I'm not a big believer in trying to live a life without regrets. I think it's a trap, because there's no way to know how things are going to turn out. Regrets are always possible, no matter how carefully you think out your choices. Sadness and pain are inevitable in life, and no amount of good decisions will get you out of them. I am a believer in trying to make the best choices I can, based on the best I know at the time the choice comes up and then trying my best to trust G-D with the outcome. Still, there are some things that I know I would eventually regret.

So I'm glad I took my daughter to IHOP tonight, just the two of us. The pancakes weren't bad, and we had fun doing the crossword puzzle on the kids menu together, me spelling the answers and her writing the letters. I'm glad we had a chance to talk about the things she is thinking about with holidays, and wanting another sleepover with her friend, and how she wants to earn some money for the Christmas project the children are doing at church, and a hundred other things we talked about this evening. I'm glad that I slowed down enough to enjoy this moment in her life, this time when she and I can take such delight in each other's company.

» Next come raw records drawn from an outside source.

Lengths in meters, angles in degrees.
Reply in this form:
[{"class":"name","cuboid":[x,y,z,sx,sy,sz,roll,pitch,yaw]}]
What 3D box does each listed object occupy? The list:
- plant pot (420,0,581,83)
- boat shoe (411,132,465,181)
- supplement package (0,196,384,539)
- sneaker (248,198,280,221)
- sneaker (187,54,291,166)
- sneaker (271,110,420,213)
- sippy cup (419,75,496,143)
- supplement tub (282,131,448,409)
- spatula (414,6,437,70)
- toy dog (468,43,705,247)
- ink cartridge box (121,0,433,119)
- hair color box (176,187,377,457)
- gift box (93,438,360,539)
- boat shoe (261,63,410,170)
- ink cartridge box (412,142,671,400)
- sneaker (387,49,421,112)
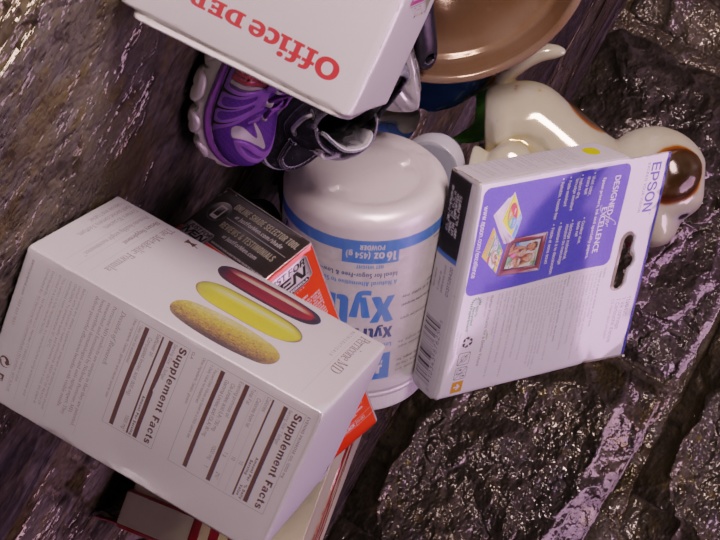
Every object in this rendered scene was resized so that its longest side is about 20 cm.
[{"class":"plant pot","cuboid":[0.071,-0.250,1.167,0.093,0.200,0.201,-107,-151,-46]},{"class":"boat shoe","cuboid":[0.056,-0.057,1.358,0.086,0.075,0.202,-53,166,-45]},{"class":"supplement package","cuboid":[-0.106,0.060,0.924,0.110,0.200,0.114,-66,170,26]},{"class":"sneaker","cuboid":[-0.106,0.027,1.228,0.100,0.069,0.200,-51,167,-57]},{"class":"sneaker","cuboid":[-0.058,-0.133,0.987,0.081,0.083,0.200,-54,169,-37]},{"class":"sneaker","cuboid":[-0.015,-0.096,1.338,0.111,0.077,0.200,-66,170,22]},{"class":"sippy cup","cuboid":[0.081,-0.208,1.348,0.140,0.178,0.130,-41,-176,42]},{"class":"supplement tub","cuboid":[0.000,0.000,1.230,0.132,0.132,0.200,-51,152,-47]},{"class":"spatula","cuboid":[0.046,-0.226,1.102,0.056,0.021,0.200,-31,143,-22]},{"class":"toy dog","cuboid":[0.197,-0.085,1.313,0.140,0.200,0.194,25,77,-84]},{"class":"ink cartridge box","cuboid":[-0.019,-0.201,0.810,0.200,0.144,0.085,-64,171,16]},{"class":"hair color box","cuboid":[-0.061,0.045,1.117,0.061,0.101,0.200,-39,137,-20]},{"class":"gift box","cuboid":[-0.112,0.186,1.349,0.200,0.184,0.187,29,81,-77]},{"class":"boat shoe","cuboid":[-0.019,-0.109,1.065,0.072,0.068,0.200,-12,162,-32]},{"class":"ink cartridge box","cuboid":[0.146,-0.003,1.226,0.200,0.047,0.198,-12,124,-34]},{"class":"sneaker","cuboid":[-0.015,-0.184,1.090,0.078,0.099,0.200,-102,179,-46]}]
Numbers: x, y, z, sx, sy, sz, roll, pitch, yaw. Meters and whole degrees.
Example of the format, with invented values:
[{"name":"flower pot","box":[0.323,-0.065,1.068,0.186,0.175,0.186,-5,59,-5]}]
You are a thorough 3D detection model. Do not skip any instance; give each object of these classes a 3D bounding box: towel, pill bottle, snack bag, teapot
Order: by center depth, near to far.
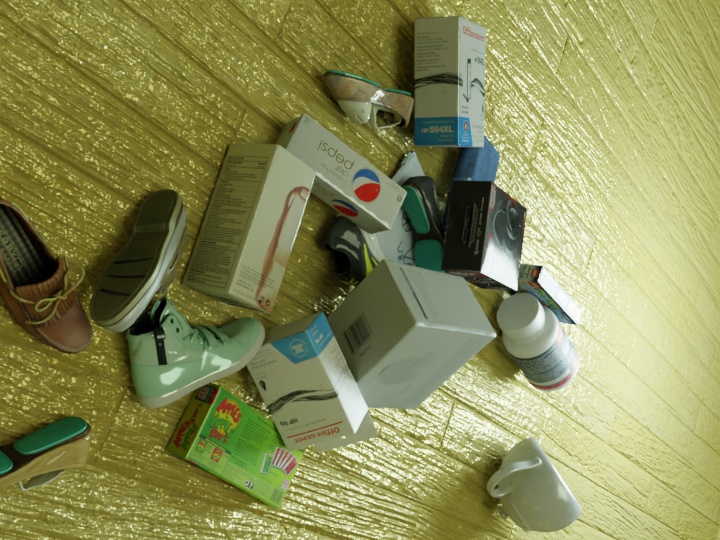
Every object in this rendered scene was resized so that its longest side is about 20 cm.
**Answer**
[{"name":"snack bag","box":[0.076,-0.067,1.403,0.190,0.021,0.202,-54,131,-30]},{"name":"towel","box":[0.193,-0.140,1.484,0.111,0.048,0.204,38,63,-51]},{"name":"pill bottle","box":[0.350,0.140,1.659,0.201,0.118,0.121,50,60,-39]},{"name":"teapot","box":[0.336,0.445,1.666,0.145,0.197,0.202,-34,92,3]}]

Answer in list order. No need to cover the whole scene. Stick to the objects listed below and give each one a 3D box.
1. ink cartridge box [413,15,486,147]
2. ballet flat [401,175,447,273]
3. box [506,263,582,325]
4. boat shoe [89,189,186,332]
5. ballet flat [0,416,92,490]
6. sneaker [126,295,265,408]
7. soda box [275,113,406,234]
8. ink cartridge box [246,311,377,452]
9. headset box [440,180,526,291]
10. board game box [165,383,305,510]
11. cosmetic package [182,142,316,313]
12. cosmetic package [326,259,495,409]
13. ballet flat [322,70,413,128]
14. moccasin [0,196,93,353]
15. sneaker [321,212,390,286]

Thursday, November 27, 2014

Cranberry Relish and Interdependence - Gratitude 4

We had Thanksgiving dinner this afternoon with my mother's family. My aunt has been hosting Thanksgiving at her house for over two decades at this point. She makes most of the dinner but my mother brings rolls and sweet potato muffins, another aunt brings desserts, and another aunt brings pumpkin bread. We are a carbohydrate loving family, as you can see. My husband and I bring vegetables when we come since everything else is pretty much claimed.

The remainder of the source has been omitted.